Question

If the sum of the squares of three consecutive integers is 194, what are the numbers?

Answer 1

`7,8,9` or `-9,-8,-7`

Explanation:

`a^2 + b^2 + c^2 = 194`

There are two possible scenarios, either the three numbers go even-odd-even or they go odd-even-odd. Any even number can be written as `2k, kinZZ` and any odd number can be written as `2j+1, jinZ`. For the first scenario, we have:

`(2k)^2 + (2k+1)^2 + (2(k+1))^2 = 194`

`(2k)^2 + (2k+1)^2 + (2k+2)^2 = 194`

`4k^2 + 4k^2 + 4k + 1 + 4k^2 + 8k + 4 = 194`

`12k^2+12k+5 = 194`

We now have a quadratic we can solve for k.

`12k^2 + 12k - 189 = 0`

`k = (-12+-sqrt(144-4(12)(-189)))/24 = 7/2 or -9/2`

These are not integer values so this is not the case.

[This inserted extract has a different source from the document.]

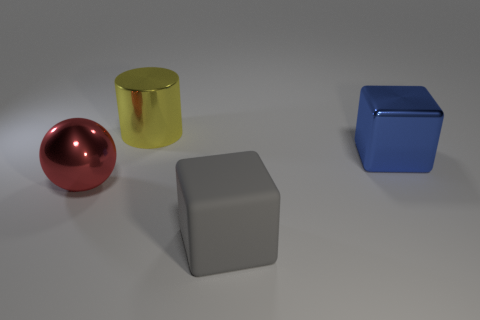Add 2 balls. How many objects exist? 6 Subtract all cylinders. How many objects are left? 3 Subtract all tiny cyan metallic blocks. Subtract all yellow cylinders. How many objects are left? 3 Add 2 large gray cubes. How many large gray cubes are left? 3 Add 3 big purple rubber things. How many big purple rubber things exist? 3 Subtract 0 brown blocks. How many objects are left? 4 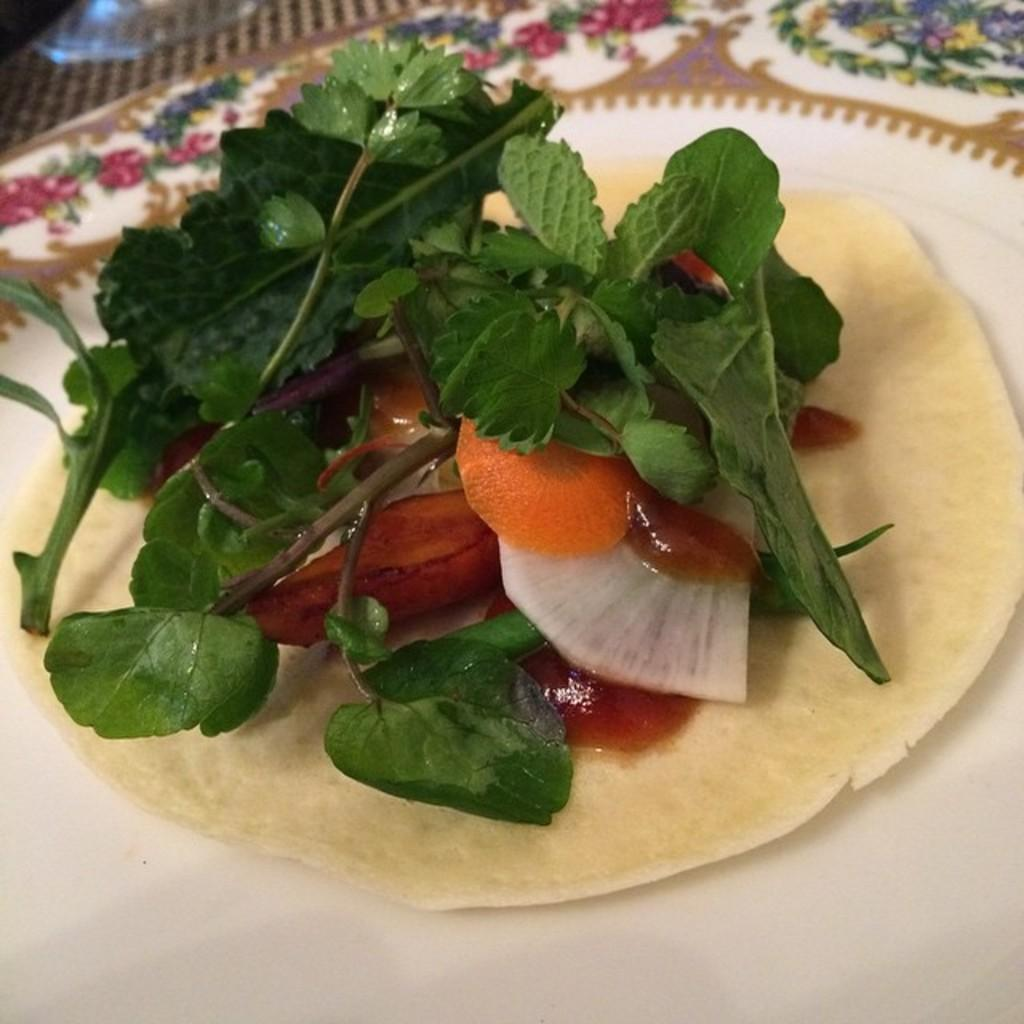What type of food is visible in the image? There are leafy vegetables and other vegetables in the image. How are the vegetables arranged in the image? The vegetables are on a plate in the image. Where is the plate with vegetables located? The plate with vegetables is on a table in the image. Can you see a river flowing in the background of the image? There is no river visible in the image; it features vegetables on a plate.

Trying the second case, we have:

`(2k+1)^2 + (2(k+1))^2 + (2(k+1)+1)^2 = 194`

`(2k+1)^2 + (2k+2)^2 + (2k+3)^2 = 194`

`4k^2+4k+1 + 4k^2+8k+4 + 4k^2+12k+9 = 194`

`12k^2+24k+14=194`

`12k^2+24k-180=0`

`12(k^2+2k-15) = 0`

`12 != 0 implies k^2+2k-15=0`

Factorising our quadratic gives;

`(k+5)(k-3) = 0`

so k is 3 or -5. This means our numbers are:

`7,8,9` or `-9,-8,-7`

Answer 2

Three consecutive integers are `{-9,-8,-7}` or `{7,8,9}`.

Explanation:

Let the three numbers be `x-1`, `x` and `x+1`. As sum of their squares is `194`, we have

`(x-1)^2+x^2+(x+1)^2=194` or

`x^2-2x+1+x^2+x^2+2x+1=194` or

`3x^2+2=194` or `3x^2-192=0`

Or `x^2-64=0` i.e. `(x+8)(x-8)=0`

Hence `x=-8` or `x=8` and as this is middle number

Three consecutive integers are `{-9,-8,-7}` or `{7,8,9}`.